This is a collection of our NAS and Vision Transformer work.

Overview

AutoML - Neural Architecture Search

This is a collection of our AutoML-NAS work

iRPE (NEW): Rethinking and Improving Relative Position Encoding for Vision Transformer

AutoFormer (NEW): AutoFormer: Searching Transformers for Visual Recognition

Cream (@NeurIPS'20): Cream of the Crop: Distilling Prioritized Paths For One-Shot Neural Architecture Search

We also implemented our NAS algorithms on Microsoft NNI (Neural Network Intelligence).

News

  • ☀️ Hiring research interns for neural architecture search, tiny transformer design, model compression projects: [email protected]
  • 💥 Oct, 2021: AutoFormerV2 has been accepted by NeurIPS'21, will be released soon.
  • 💥 Aug, 2021: Code for AutoFormer is now released.
  • 💥 July, 2021: iRPE code (with CUDA Acceleration) is now released. Paper is here.
  • 💥 July, 2021: iRPE has been accepted by ICCV'21.
  • 💥 July, 2021: AutoFormer has been accepted by ICCV'21.
  • 💥 July, 2021: AutoFormer is now available on arXiv.
  • 💥 Oct, 2020: Code for Cream is now released.
  • 💥 Oct, 2020: Cream was accepted to NeurIPS'20

Works

AutoFormer

AutoFormer is new one-shot architecture search framework dedicated to vision transformer search. It entangles the weights of different vision transformer blocks in the same layers during supernet training. Benefiting from the strategy, the trained supernet allows thousands of subnets to be very well-trained. Specifically, the performance of these subnets with weights inherited from the supernet is comparable to those retrained from scratch.

AutoFormer overview

iRPE

Image RPE (iRPE for short) methods are new relative position encoding methods dedicated to 2D images, considering directional relative distance modeling as well as the interactions between queries and relative position embeddings in self-attention mechanism. The proposed iRPE methods are simple and lightweight, being easily plugged into transformer blocks. Experiments demonstrate that solely due to the proposed encoding methods, DeiT and DETR obtain up to 1.5% (top-1 Acc) and 1.3% (mAP) stable improvements over their original versions on ImageNet and COCO respectively, without tuning any extra hyperparamters such as learning rate and weight decay. Our ablation and analysis also yield interesting findings, some of which run counter to previous understanding.

iRPE overview

Cream

[Paper] [Models-Google Drive][Models-Baidu Disk (password: wqw6)] [Slides] [BibTex]

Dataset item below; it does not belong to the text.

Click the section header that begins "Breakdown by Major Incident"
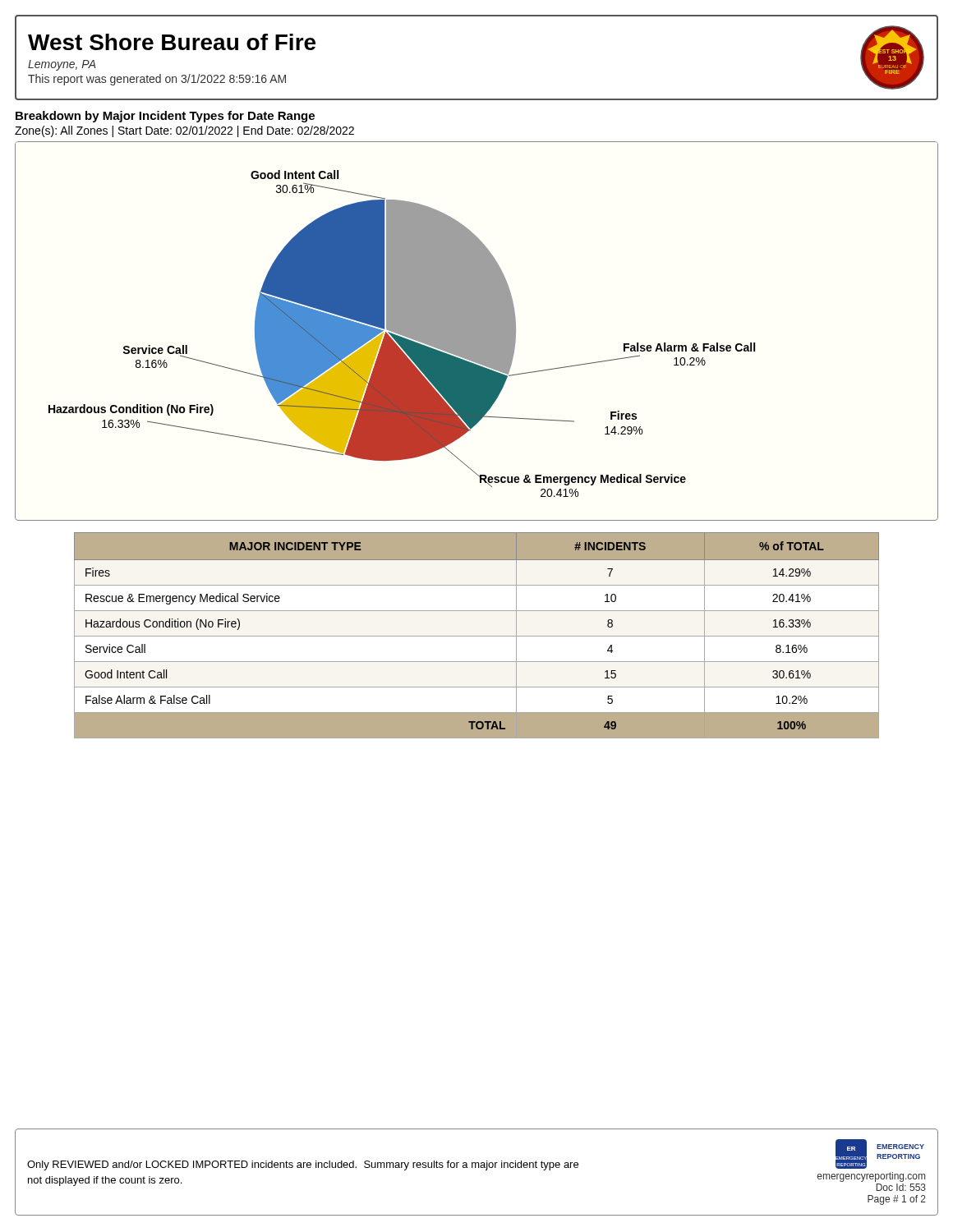This screenshot has width=953, height=1232. point(185,123)

In this work, we present a simple yet effective architecture distillation method. The central idea is that subnetworks can learn collaboratively and teach each other throughout the training process, aiming to boost the convergence of individual models. We introduce the concept of prioritized path, which refers to the architecture candidates exhibiting superior performance during training. Distilling knowledge from the prioritized paths is able to boost the training of subnetworks. Since the prioritized paths are changed on the fly depending on their performance and complexity, the final obtained paths are the cream of the crop.

Bibtex

@InProceedings{iRPE,
    author    = {Wu, Kan and Peng, Houwen and Chen, Minghao and Fu, Jianlong and Chao, Hongyang},
    title     = {Rethinking and Improving Relative Position Encoding for Vision Transformer},
    booktitle = {Proceedings of the IEEE/CVF International Conference on Computer Vision (ICCV)},
    month     = {October},
    year      = {2021},
    pages     = {10033-10041}
}

@article{AutoFormer,
  title={AutoFormer: Searching Transformers for Visual Recognition},
  author={Chen, Minghao and Peng, Houwen and Fu, Jianlong and Ling, Haibin},
  booktitle={Proceedings of the IEEE/CVF International Conference on Computer Vision (ICCV)},
  year={2021}
}

@article{Cream,
  title={Cream of the Crop: Distilling Prioritized Paths For One-Shot Neural Architecture Search},
  author={Peng, Houwen and Du, Hao and Yu, Hongyuan and Li, Qi and Liao, Jing and Fu, Jianlong},
  journal={Advances in Neural Information Processing Systems},
  volume={33},
  year={2020}
}

License

License under an MIT license.

Comments
  • Please open source the teacher logits

    Please open source the teacher logits

    Dear Authors,

    Very impressive work. For reproducibility purposes could you please share the teacher logits files for all the teachers shown in this paper?

    TinyViT 
    opened by sanyalsunny111 15
  • RuntimeError: one of the variables needed for gradient computation has been modified by an inplace operation:

    RuntimeError: one of the variables needed for gradient computation has been modified by an inplace operation:

    I encountered with a runtime error when I tried to search for an architecture based on your code.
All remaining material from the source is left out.